Пронин встал, пододвинул к Овалову бокал с коньяком и коробку фабричных лимонных долек. Встал в артистическую позу и продекламировал:

Невольник чести Пал, оклеветанный молвой!

Это про тебя, дорогой мой друг. А началось это бесстыдство в январе сорок первого. Помнишь, как весело мы отпраздновали тогда новый год? Подъемное было время — как марши Дунаевского, как фильм «Цирк», как рекордные полеты Громова. Рабочие тогда зажили изобильнее. Людям квартиры давали, комнаты. Живи и радуйся… Я много лет служу в Госбезопасности.

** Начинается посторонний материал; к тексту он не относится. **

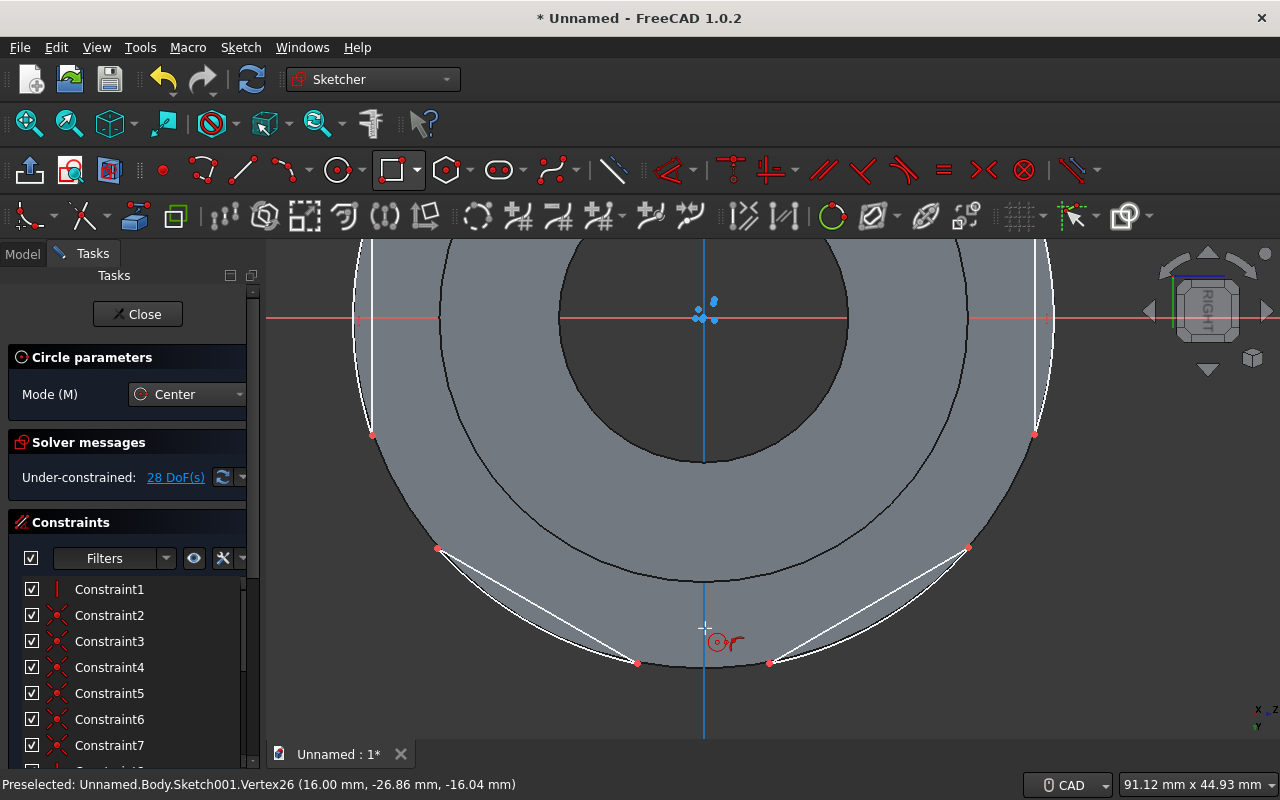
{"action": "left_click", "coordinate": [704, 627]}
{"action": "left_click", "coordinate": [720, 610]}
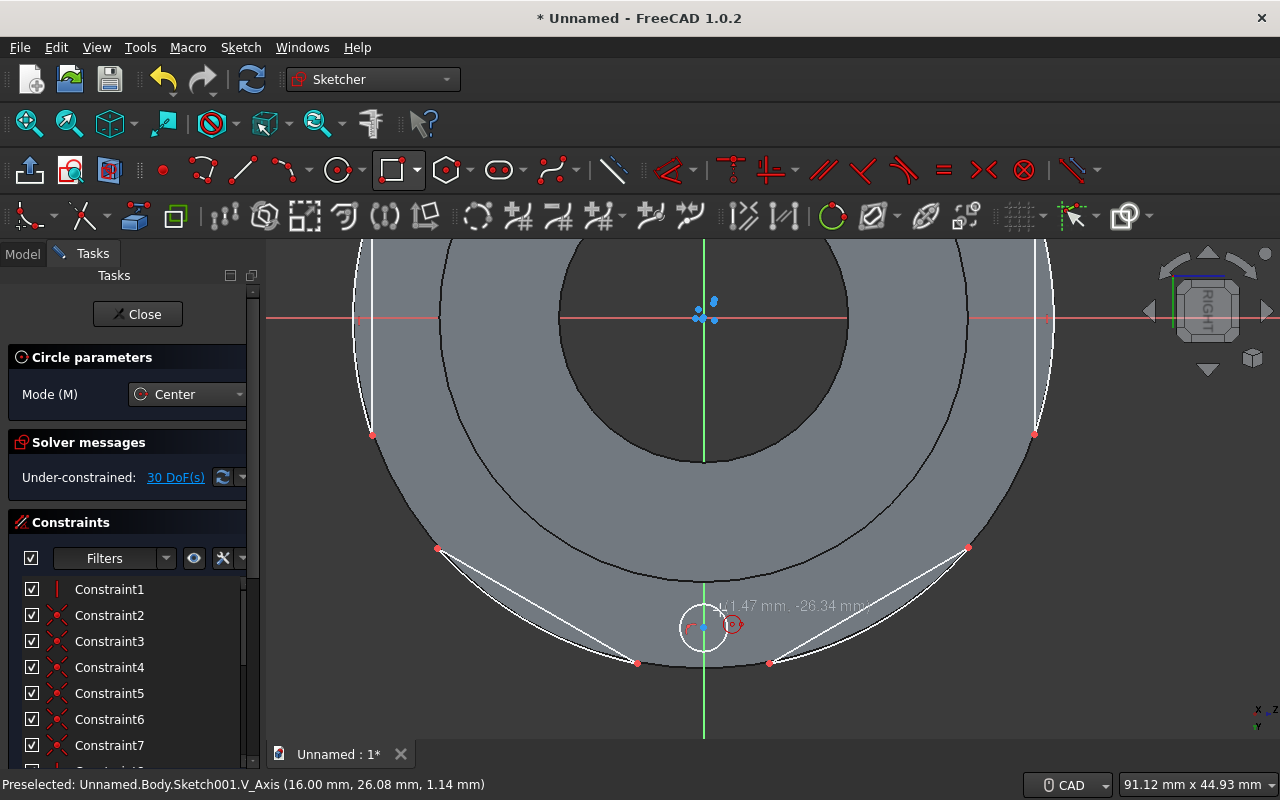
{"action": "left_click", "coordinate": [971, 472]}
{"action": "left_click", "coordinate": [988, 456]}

— Ты же еще с Дзержинским начинал! — воскликнул Овалов, слегка захмелевший и потому склонный к сантиментам.

— Так точно. С восемнадцатого года в фирме. И за все эти годы был у меня только один противник, которого мысленно я никогда не называю по фамилии, не называю и по имени. И даже по кличке не называю.

— Как же ты его кличешь? Мистер X, как в одноименном фильме про Георга Отса?

— Для меня он навсегда остался просто шпионом. Шпионом с большой буквы «Ша». Когда-то у Фенимора Купера был такой роман — «Шпион». Жаль. Я хочу, чтобы ты так назвал свою книгу об этом деле, но повторять классика американской приключенческой литературы, наверное, не следует. Назови ее так: «Майор Пронин против Шпиона». Неплохо? А ведь неплохо, правда?

Пронин окончательно развеселился и начал рассказывать — толково и по порядку.